1) The grammar and writing style has some problems with run on sentence
fragments. Perhaps this is not the OP's main focus, but learning to code well
is similar to learning to write well (in fact there was an article about this
posted to HN a few days ago).

2) By focusing on the idea of 'the best' code, the OP implies some kind of
fitness function, but is pretty vague about what that might be. The most
obvious fitness function in this context would be that the code works and was
written faster than anyone else. Why talk about best-practice and industry
standards if your fitness function is speed of writing and correctness?

Experienced programmers don't talk about the "best" code in general, but
rather the best code for a given purpose. Code clarity, speed of execution,
elegance, reuse, size in memory... these are all different fitness objectives
that have various trade-offs... even saying "yeah, I want ALL of those!"
implies trade-offs.

It's like saying you want a D&D character with all max attributes... it
doesn't work that way.

But there's also a problem with this model of learning. The fastest coders are
going to likely be the coders who already know what they are doing, or who
work out cheesy ways to game the system. Likely, their incentive for playing
will be showing off, not genuinely helping others learn.

Meanwhile, coders who are learning will always be slower. Yes, they will see a
lot of other possible solutions, but without critically understanding the
differences between code examples, it all becomes a sea of noise. Stack
Overflow is already like this in places -- many answers don't demonstrate an
expert analysis of a problem, they simply devolve into: "I tried this", "I
reinstalled", "Yeah, it works!", "I'm still having issues".

Now, if bitlean's 'tail' in the game was a nice social community built around
commenting and critiquing code AFTER it was written and judging its fitness
for various stated purposes -- then I could see that really building a
community of value for learning programming similar to the ways that we learn
critical reasoning in writing courses by contributing to critique and
discussion.

'Fast' has its purposes. For example, in Shamus Culhane's book "Animation:
from Script to Screen", he talks about the advantages of sketching fast
without critical interruption to maintain creative flow. He was adamant about
not even erasing one wrong pencil line because it brought critical analysis
into the process and disrupted the flow. However, after the sketches capture
an idea, that work was always followed by extensive analysis and critique to
see where ideas and execution could be improved.

------
graycat
This whole thread totally loses me: I don't _get it_. Here's why: To me, the
_coding_ is and for decades has always been fast, fun, and easy. Similarly for
the _design_ or _architecture_ for projects up to, say, 50,000 lines of code
and several servers sharing in the work and _sharding_ , etc.

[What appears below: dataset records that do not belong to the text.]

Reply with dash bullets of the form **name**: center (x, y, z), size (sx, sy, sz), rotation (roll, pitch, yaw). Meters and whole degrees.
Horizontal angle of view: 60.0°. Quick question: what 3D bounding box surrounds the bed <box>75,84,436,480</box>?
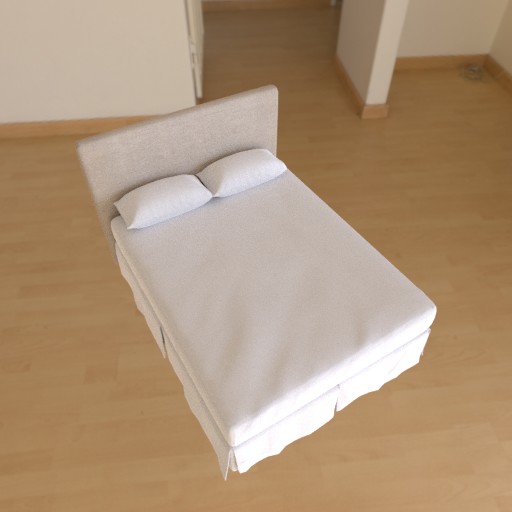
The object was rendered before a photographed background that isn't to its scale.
- **bed**: center (0.000, 0.000, 3.209), size (1.713, 1.330, 2.162), rotation (-24, 52, -21)
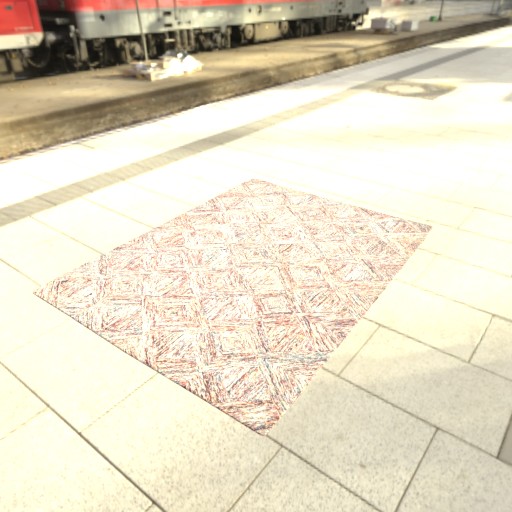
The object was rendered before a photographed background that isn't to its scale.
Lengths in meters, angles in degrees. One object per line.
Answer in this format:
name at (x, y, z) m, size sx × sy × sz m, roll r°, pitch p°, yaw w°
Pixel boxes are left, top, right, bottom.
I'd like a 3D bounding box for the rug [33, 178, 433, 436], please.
rug at (0.000, 0.000, 4.275) m, size 2.436 × 0.024 × 3.226 m, roll 21°, pitch 37°, yaw 30°
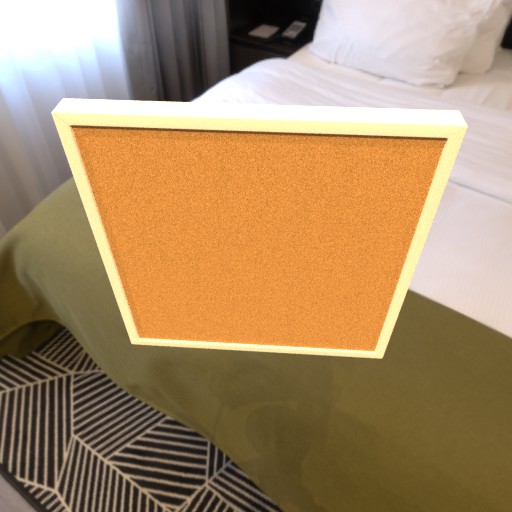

Piece of cake. Simple. No issues.

But there are issues, huge, humongous issues: The main issue is just and
simply making use of the documentation, and _object oriented_ classes, and
other software developed by others. E.g., I've gotten -- found, downloaded,
categorized, indexed, and abstracted -- well over 5000 Web pages of relevant
documentation. At 10 a day, that's a lot of days.

E.g., learning SQL was easy, piece of cake, obviously built a lot on set
theory in pure math (which I know pretty well and have used a lot), and I
learned SQL reading Ullman's book over dinner at the Mount Kisco Diner during
about two weeks. No problem. How the log file works? Fine. _Entity, attribute,
relationship_ design -- sure, easy.

Then the real problems: I tried to install SQL Server. What a mess. Maybe it
got installed. Someone sent me a database, and I wanted SQL Server to
recognize it. Nope, we're talking high end, world-shaking research here,
unsolved problems of the universe, much like dark energy. As I recall, my
little effort ruined the SQL Server installation.

So, I make some progress doing some simple things and then go for an _update_
(general rule: never update unless totally necessary). The install asked a lot
of questions with no explanations or references to what the heck might be the
appropriate answers. Somehow I got two installs, using Microsoft's _side by
side_ (I've written lots of programs and they all run _side by side_ as far as
I can tell -- what's the issue here?), and the install ruined my system. SQL
Server uninstall wouldn't. System repair wouldn't. So, the SQL Server install
broke my installation of Windows. I reinstalled Windows and all my software to
a freshly formatted hard disk partition. Then I tried again. Eventually I got
the SQL Server install to work -- eventually. The mud wrestling went on this
way.

Ullman's book, SQL, etc. were easy. Getting a good install was a barbed wire
enema with an unanesthetized upper molar root canal procedure while being
poked with a dozen red hot branding irons.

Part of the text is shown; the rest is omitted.